Ciò che in generale emerge da questa rivoluzione» è la possibilità di applicare il concetto di blockchain anche ad altri campi.
Non solo transazioni finanziarie, ma anche per esempio la certificazione di informazioni sensibili, come la proprietà e ogni trasferimento di un immobile, senza più la necessità di ricorrere al notaio, oppure la creazione di smart contract, contratti intelligenti tra persone in cui per esempio il pagamento per una prestazione viene gestito interamente da un algoritmo.
Se tutto è così promettente, quali sono i rischi? Ci sono alcuni casi limitati in cui queste valute sono state create per truffare, ma certo questo non è il caso di bitcoin e di tante altre.
E non manca il rischio, seppure remoto, che un hacker possa penetrare in sistemi non abbastanza robusti, come è invece il bitcoin, e commettere un furto, come accade anche nei conti delle banche tradizionali, o come è accaduto il giugno scorso (2016) con la sottrazione di 3,6 milioni di ether, pari a 47 milioni di euro, dal fondo di investimento decentralizzato The Dao.
Calcolati i principali benefici (anonimato, spendibilità transnazionale, stabilità) e rischi (furti, truffe), se un numero maggiore di consumatori acquisterà fiducia nei bitcoin e nelle altre criptovalute nascenti si può ipotizzare un futuro in cui potrebbe indebolirsi il ruolo chiave di banche e intermediari per tutte le transazioni finanziarie.
4. Domani accadrà e il caso Svezia
L’aspetto fondamentale è la decentralizzazione, perché è l’elemento che permette di superare il vecchio modello, come accaduto per esempio con il peer-to-peer, che ha rivoluzionato l’industria musicale.
Naturalmente è difficile ipotizzare cosa accadrà, anche perché le istituzioni finanziarie dopo avere rigettato le monete virtuali ora le hanno abbracciate e probabilmente stabiliranno nuove regole restrittive.
E possibile che il successo di queste criptovalute porti a una democratizzazione e a una maggiore trasparenza del sistema ma anche che emergano nuovi poteri, così come Facebook e Google sono emersi con la rivoluzione del Web.
Una previsione molto plausibile è che accadranno entrambe le cose, ma il futuro è aperto e dipende dalle nostre scelte.

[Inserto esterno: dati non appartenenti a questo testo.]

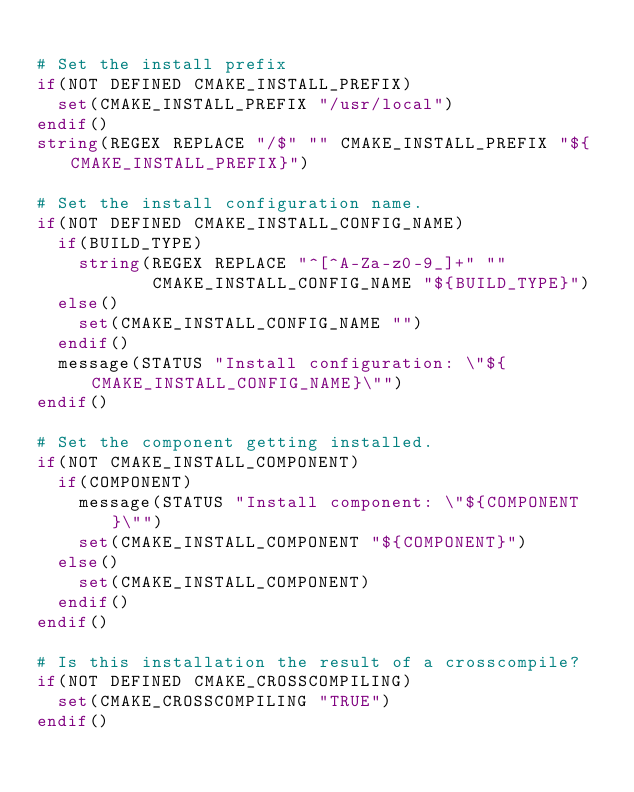Convert code to text. <code><loc_0><loc_0><loc_500><loc_500><_CMake_>
# Set the install prefix
if(NOT DEFINED CMAKE_INSTALL_PREFIX)
  set(CMAKE_INSTALL_PREFIX "/usr/local")
endif()
string(REGEX REPLACE "/$" "" CMAKE_INSTALL_PREFIX "${CMAKE_INSTALL_PREFIX}")

# Set the install configuration name.
if(NOT DEFINED CMAKE_INSTALL_CONFIG_NAME)
  if(BUILD_TYPE)
    string(REGEX REPLACE "^[^A-Za-z0-9_]+" ""
           CMAKE_INSTALL_CONFIG_NAME "${BUILD_TYPE}")
  else()
    set(CMAKE_INSTALL_CONFIG_NAME "")
  endif()
  message(STATUS "Install configuration: \"${CMAKE_INSTALL_CONFIG_NAME}\"")
endif()

# Set the component getting installed.
if(NOT CMAKE_INSTALL_COMPONENT)
  if(COMPONENT)
    message(STATUS "Install component: \"${COMPONENT}\"")
    set(CMAKE_INSTALL_COMPONENT "${COMPONENT}")
  else()
    set(CMAKE_INSTALL_COMPONENT)
  endif()
endif()

# Is this installation the result of a crosscompile?
if(NOT DEFINED CMAKE_CROSSCOMPILING)
  set(CMAKE_CROSSCOMPILING "TRUE")
endif()

</code>

La Svezia pensa già alla e-Corona! Come dimostra la sua storia, il bitcoin è esposto a bolle speculative: perciò il suo valore potrebbe schizzare alle stelle o arrivare a zero.
Diverso sarebbe se la stabilità di una valuta digitale fosse garantita da una banca centrale. È quello che potrebbe accadere in Svezia dove l’istituto di emissione sta esplorando la possibilità di creare una e-Corona, una versione elettronica del biglietto cartaceo.
Ma perché fare una mossa del genere? In un Paese in cui nel 2016 solo il 15% dei pagamenti è stato effettuato in contanti, è chiaro che si porrà sempre più il problema di come trasferire valore tra due persone.
Secondo Cecilia Skingsley, vicegovernatore della Riksbank, una valuta digitale potrebbe offrire un surplus di sicurezza sulle frodi mantenendo la stessa qualità del contante, anche se non è chiaro ancora se i borsellini digitali dovrebbero essere detenuti dalla banca (come accade con i conti correnti) o decentralizzati nel Web... come avviene con i bitcoin.
5. Dove si può usare il Bitcoin
Dove si può usare il Bitcoin?
La prima transazione in bitcoin della Storia avviene il 12 gennaio 2009, tra il suo inventore Satoshi Nakamoto e il crittografo Hal Finney.
Da allora ne ha fatta di strada: la criptovaluta oggi può essere usata in moltissimi esercizi commerciali nel mondo per effettuare pagamenti di persona in ristoranti, negozi di abbigliamento, per prestazioni professionali e così via.
Coinmap.org è un progetto di mappa che tenta di catalogarli tutti su una mappa mondiale. E per strada si possono trovare anche “bancomat” con cui convertire contante in bitcoin e viceversa.
Naturalmente è possibile anche effettuare acquisti online: ad accettare la valuta sono siti come Expedia.com, Microsoft.com, Showroomprive.com, Amazon.com, anche se spesso la transazione avviene tramite intermediari come Purse.io.
Il vantaggio è l’anonimato del pagamento, ed è questo il motivo per cui il bitcoin ancora oggi viene usato (in minima parte) nei siti di e-commerce del Deep Web, dove, anziché comprare libri o scarpe, si possono acquistare droga, armi, documenti falsi e carte di credito rubate.